Suite à ce texte, beaucoup ont voulu brûler au pilori ce concept qui semblait avoir une forte propriété urticante pour les défenseurs de l’universalisme républicain. On a reproché au terme d’être « importé », mal adapté au contexte français du fait que le mot privilège y faisait davantage référence aux droits injustement acquis par une classe particulière de la population, dont on se serait débarrassés depuis l’ancien Régime et qui irait ainsi à l’encontre d’un idéal républicain (ou plutôt d’une « illusion égalitariste héritée de la Révolution », Mihena el Sharif, Médiapart).
Ainsi, dans une tribune publiée dans le Monde du 10 juin 2020, la députée et secrétaire nationale à la coordination du PS, Corinne Narassiguin, proposait-elle qu’importer en France le concept de privilège blanc était « grave et dangereux ». Dans un entretien avec Le Figaro le 10 juin («La honte d’être blanc a supplanté la mauvaise conscience bourgeoise»), c’était au tour d’Alain Finkielkraut d’y voir un « antiracisme » ayant pour but de « déconstruire l’hégémonie occidentale dans les pays occidentaux eux-mêmes ». Le 12 juin, l'essayiste Caroline Fourest, invitée du 7-9 de France Inter, reprochait aux « études post-coloniales » de n’être pas assez « exigeantes » ou « élaborées » et aux concepts qu’elles importaient (dont celui de privilège blanc) de participer à une politique victimaire « contribuant à la montée de l'extrême droite ». On a ainsi vu fleurir de toute part (aussi bien de la gauche que de la droite – je reviendrai sur le dernier discours du président dans un autre billet) les alertes contre le risque de séparation de la République ou encore de division des luttes …

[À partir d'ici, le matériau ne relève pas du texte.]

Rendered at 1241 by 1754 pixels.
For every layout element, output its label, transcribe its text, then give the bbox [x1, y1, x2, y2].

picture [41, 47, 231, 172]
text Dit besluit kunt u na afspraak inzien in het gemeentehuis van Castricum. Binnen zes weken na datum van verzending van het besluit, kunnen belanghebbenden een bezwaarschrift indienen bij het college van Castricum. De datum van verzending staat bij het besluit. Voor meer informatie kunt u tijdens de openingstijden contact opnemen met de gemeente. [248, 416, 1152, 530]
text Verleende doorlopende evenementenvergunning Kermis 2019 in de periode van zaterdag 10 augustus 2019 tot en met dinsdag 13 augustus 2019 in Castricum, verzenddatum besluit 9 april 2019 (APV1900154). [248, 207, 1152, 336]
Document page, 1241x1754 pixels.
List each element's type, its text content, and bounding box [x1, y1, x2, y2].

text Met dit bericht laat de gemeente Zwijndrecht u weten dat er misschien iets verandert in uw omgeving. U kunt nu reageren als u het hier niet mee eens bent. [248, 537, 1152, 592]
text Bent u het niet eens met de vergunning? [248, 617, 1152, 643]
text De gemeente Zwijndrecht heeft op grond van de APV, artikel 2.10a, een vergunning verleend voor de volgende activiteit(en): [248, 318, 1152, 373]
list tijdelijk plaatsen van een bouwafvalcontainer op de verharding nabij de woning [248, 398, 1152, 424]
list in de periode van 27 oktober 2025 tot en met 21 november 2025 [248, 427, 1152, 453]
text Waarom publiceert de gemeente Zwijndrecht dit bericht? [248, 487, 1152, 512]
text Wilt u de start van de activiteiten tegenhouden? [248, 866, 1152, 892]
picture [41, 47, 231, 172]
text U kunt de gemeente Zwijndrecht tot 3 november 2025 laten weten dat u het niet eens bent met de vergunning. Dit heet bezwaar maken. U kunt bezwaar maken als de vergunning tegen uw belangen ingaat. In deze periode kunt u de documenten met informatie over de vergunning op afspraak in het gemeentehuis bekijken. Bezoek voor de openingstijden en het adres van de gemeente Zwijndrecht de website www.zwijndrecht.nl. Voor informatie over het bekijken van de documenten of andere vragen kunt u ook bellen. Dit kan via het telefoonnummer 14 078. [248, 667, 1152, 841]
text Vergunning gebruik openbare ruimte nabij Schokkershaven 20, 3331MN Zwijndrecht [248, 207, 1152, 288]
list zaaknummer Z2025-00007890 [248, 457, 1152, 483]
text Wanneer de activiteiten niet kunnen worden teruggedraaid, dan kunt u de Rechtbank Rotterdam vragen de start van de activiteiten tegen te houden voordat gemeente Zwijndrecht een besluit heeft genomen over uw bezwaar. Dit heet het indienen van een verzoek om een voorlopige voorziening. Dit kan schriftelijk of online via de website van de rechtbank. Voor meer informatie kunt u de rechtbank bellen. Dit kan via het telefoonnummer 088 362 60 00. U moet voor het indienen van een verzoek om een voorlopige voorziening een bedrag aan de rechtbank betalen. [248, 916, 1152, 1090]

Face à ces tirs fournis, nombre de billets ont été publiés sur Médiapart pour défendre le concept, dont celui d'Emmanuel Dockès (Le privilège blanc, Médiapart, 11 Juin) qui affirmait : « La négation du privilège blanc est au minimum une erreur, au pire c'est une falsification consciente. »
Si cette affirmation fait pour moi peu de doute, le problème demeure que le concept reste flou pour beaucoup et qu’il est difficile de faire prendre conscience de ce phénomène sans sembler désigner des fautifs, au risque de provoquer ce sentiment de vulnérabilité bien décrit par Robin DiAngelo sous les termes de white fragility.
Dans son sens actuel, le terme de ‘privilège’ fait référence à un avantage. Le privilège blanc peut être ainsi compris comme une crédibilité et une légitimité ressentie qui s’associent à une manière d’être (la confiance d’être dans son bon droit) : une "identité blanche" socialement gratifiante (Maxime Cervulle, 2013). Pour ceux-celles qui n’en bénéficient pas, son absence se traduit par le sentiment que des choses qui sont simples pour certain.e.s deviennent très compliquées, comme empêchées – on cite souvent le fait de ne pas être choisi pour un logement ou un emploi, alors que dans ce cas il s’agit davantage de discriminations (par ailleurs passibles de sanctions pénales) alors que le privilège blanc peut faire référence à des actions plus communes telles que le fait de pouvoir se déplacer à sa guise, de pouvoir agir ou s’exprimer librement, sans être systématiquement renvoyé.e.s à une couleur de peau, une allégeance ou une 'pseudo-haine' de la République.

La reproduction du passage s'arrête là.